We evaluate the metric scores for each correct and distracted version against the remaining correct captions that are available for an image in the dataset. The average accuracy scores for the caption evaluation metrics are reported in Table 3. The last row of Table 3 shows the numbers of instances tested for each category. It can be seen that NNEval outperforms the other metrics in three categories i.e., replace-person, share-person and share-scene task. Note that NNEval is again the most consistent performer among all metrics. It has the best performance on average, and it also has the highest worst-case accuracy amongst all metrics. Thus, we conclude that NNEval is overall the most robust metric.

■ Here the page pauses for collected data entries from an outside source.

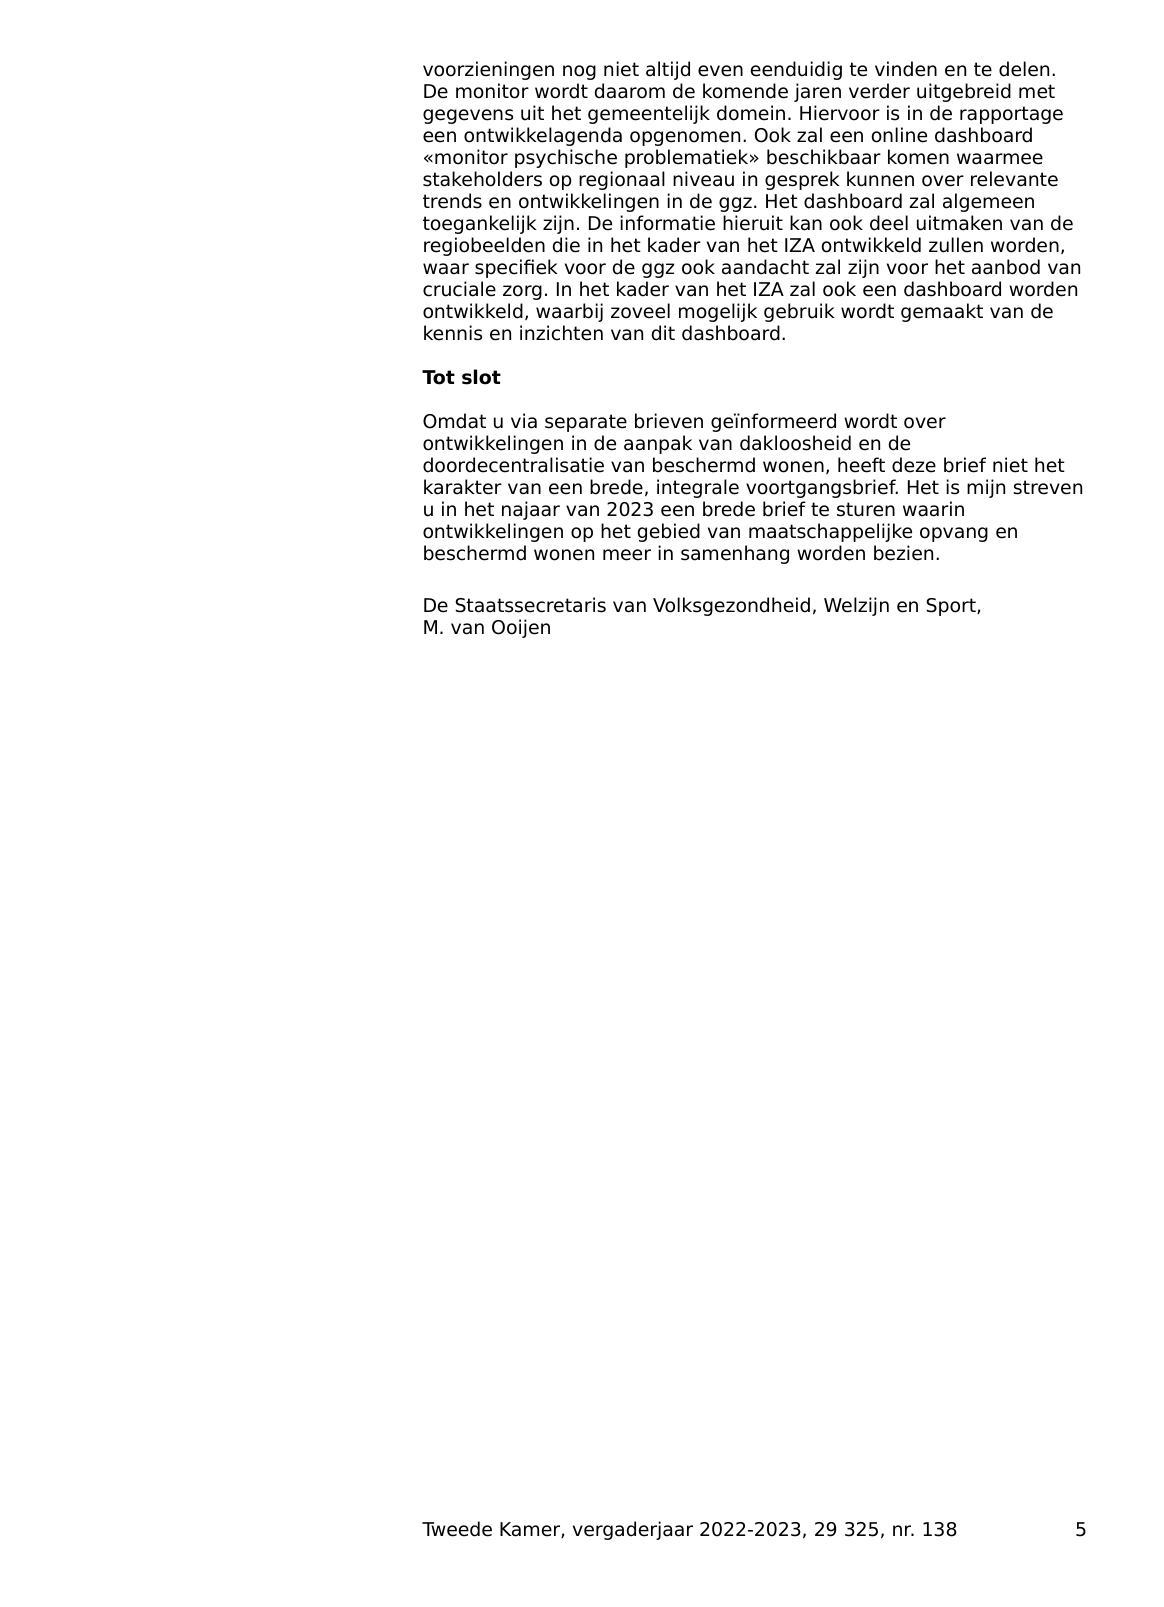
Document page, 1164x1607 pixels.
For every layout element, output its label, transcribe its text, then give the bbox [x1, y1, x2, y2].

text Omdat u via separate brieven geïnformeerd wordt over ontwikkelingen in de aanpak van dakloosheid en de doordecentralisatie van beschermd wonen, heeft deze brief niet het karakter van een brede, integrale voortgangsbrief. Het is mijn streven u in het najaar van 2023 een brede brief te sturen waarin ontwikkelingen op het gebied van maatschappelijke opvang en beschermd wonen meer in samenhang worden bezien. [422, 411, 1087, 565]
text voorzieningen nog niet altijd even eenduidig te vinden en te delen. De monitor wordt daarom de komende jaren verder uitgebreid met gegevens uit het gemeentelijk domein. Hiervoor is in de rapportage een ontwikkelagenda opgenomen. Ook zal een online dashboard «monitor psychische problematiek» beschikbaar komen waarmee stakeholders op regionaal niveau in gesprek kunnen over relevante trends en ontwikkelingen in de ggz. Het dashboard zal algemeen toegankelijk zijn. De informatie hieruit kan ook deel uitmaken van de regiobeelden die in het kader van het IZA ontwikkeld zullen worden, waar specifiek voor de ggz ook aandacht zal zijn voor het aanbod van cruciale zorg. In het kader van het IZA zal ook een dashboard worden ontwikkeld, waarbij zoveel mogelijk gebruik wordt gemaakt van de kennis en inzichten van dit dashboard. [422, 59, 1087, 345]
subtitle Tot slot [422, 367, 1087, 389]
text De Staatssecretaris van Volksgezondheid, Welzijn en Sport, M. van Ooijen [422, 595, 1087, 639]
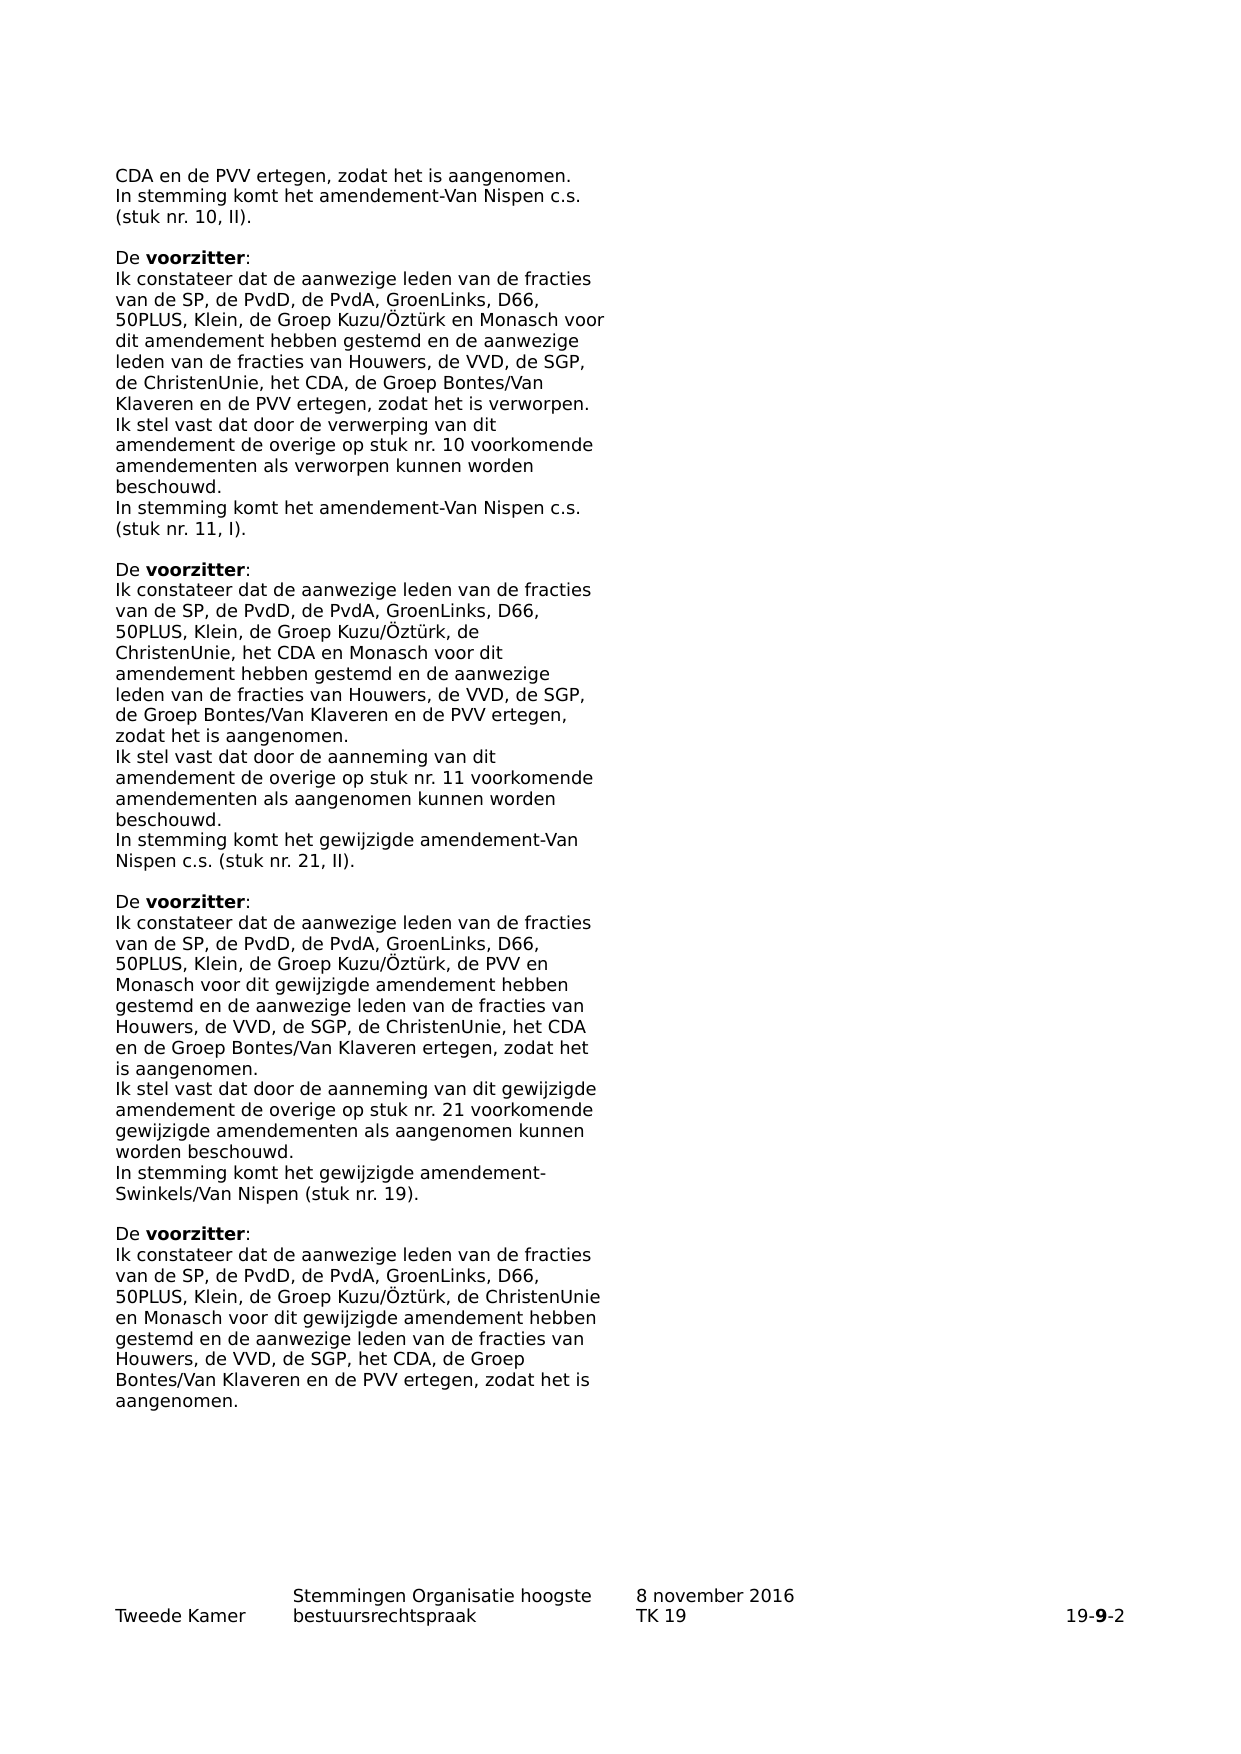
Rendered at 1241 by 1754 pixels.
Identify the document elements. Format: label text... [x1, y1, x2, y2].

text Ik constateer dat de aanwezige leden van de fracties van de SP, de PvdD, de PvdA, GroenLinks, D66, 50PLUS, Klein, de Groep Kuzu/Öztürk en Monasch voor dit amendement hebben gestemd en de aanwezige leden van de fracties van Houwers, de VVD, de SGP, de ChristenUnie, het CDA, de Groep Bontes/Van Klaveren en de PVV ertegen, zodat het is verworpen. [115, 268, 605, 414]
text In stemming komt het amendement-Van Nispen c.s. (stuk nr. 11, I). [115, 498, 605, 539]
text In stemming komt het amendement-Van Nispen c.s. (stuk nr. 10, II). [115, 186, 605, 228]
text De voorzitter: [115, 892, 605, 912]
text CDA en de PVV ertegen, zodat het is aangenomen. [115, 165, 605, 186]
text Ik stel vast dat door de aanneming van dit amendement de overige op stuk nr. 11 voorkomende amendementen als aangenomen kunnen worden beschouwd. [115, 747, 605, 830]
text Ik stel vast dat door de verwerping van dit amendement de overige op stuk nr. 10 voorkomende amendementen als verworpen kunnen worden beschouwd. [115, 414, 605, 498]
text In stemming komt het gewijzigde amendement-Swinkels/Van Nispen (stuk nr. 19). [115, 1162, 605, 1204]
text Ik constateer dat de aanwezige leden van de fracties van de SP, de PvdD, de PvdA, GroenLinks, D66, 50PLUS, Klein, de Groep Kuzu/Öztürk, de ChristenUnie, het CDA en Monasch voor dit amendement hebben gestemd en de aanwezige leden van de fracties van Houwers, de VVD, de SGP, de Groep Bontes/Van Klaveren en de PVV ertegen, zodat het is aangenomen. [115, 580, 605, 747]
text Ik stel vast dat door de aanneming van dit gewijzigde amendement de overige op stuk nr. 21 voorkomende gewijzigde amendementen als aangenomen kunnen worden beschouwd. [115, 1079, 605, 1162]
text De voorzitter: [115, 248, 605, 268]
text De voorzitter: [115, 559, 605, 580]
text Ik constateer dat de aanwezige leden van de fracties van de SP, de PvdD, de PvdA, GroenLinks, D66, 50PLUS, Klein, de Groep Kuzu/Öztürk, de ChristenUnie en Monasch voor dit gewijzigde amendement hebben gestemd en de aanwezige leden van de fracties van Houwers, de VVD, de SGP, het CDA, de Groep Bontes/Van Klaveren en de PVV ertegen, zodat het is aangenomen. [115, 1245, 605, 1412]
text De voorzitter: [115, 1224, 605, 1245]
text In stemming komt het gewijzigde amendement-Van Nispen c.s. (stuk nr. 21, II). [115, 830, 605, 872]
text Ik constateer dat de aanwezige leden van de fracties van de SP, de PvdD, de PvdA, GroenLinks, D66, 50PLUS, Klein, de Groep Kuzu/Öztürk, de PVV en Monasch voor dit gewijzigde amendement hebben gestemd en de aanwezige leden van de fracties van Houwers, de VVD, de SGP, de ChristenUnie, het CDA en de Groep Bontes/Van Klaveren ertegen, zodat het is aangenomen. [115, 912, 605, 1079]

Table 3. Comparative accuracy results on various distraction tasks

6 Conclusion and Future Work

We propose NNEval, a Neural-Network based Evaluation metric which measures the quality of a caption across various linguistic aspects. Our empirical results demonstrate that NNEval correlates with human judgements better than the existing metrics for caption evaluation. Moreover, our experiments show that it is also robust to the various distractions in the candidate sentences. Our proposed framework, facilitated the incorporation of various useful features that contributed to the successful performance of our metric. In order to further improve NNEval to mimic human score, we intend to carry out a detailed analysis on the impact of various features on correlation and robustness. We plan to release our code in the coming months and hope that it will lead to further development of learning-based evaluation metrics and contribute towards fine-grained assessment of captioning models.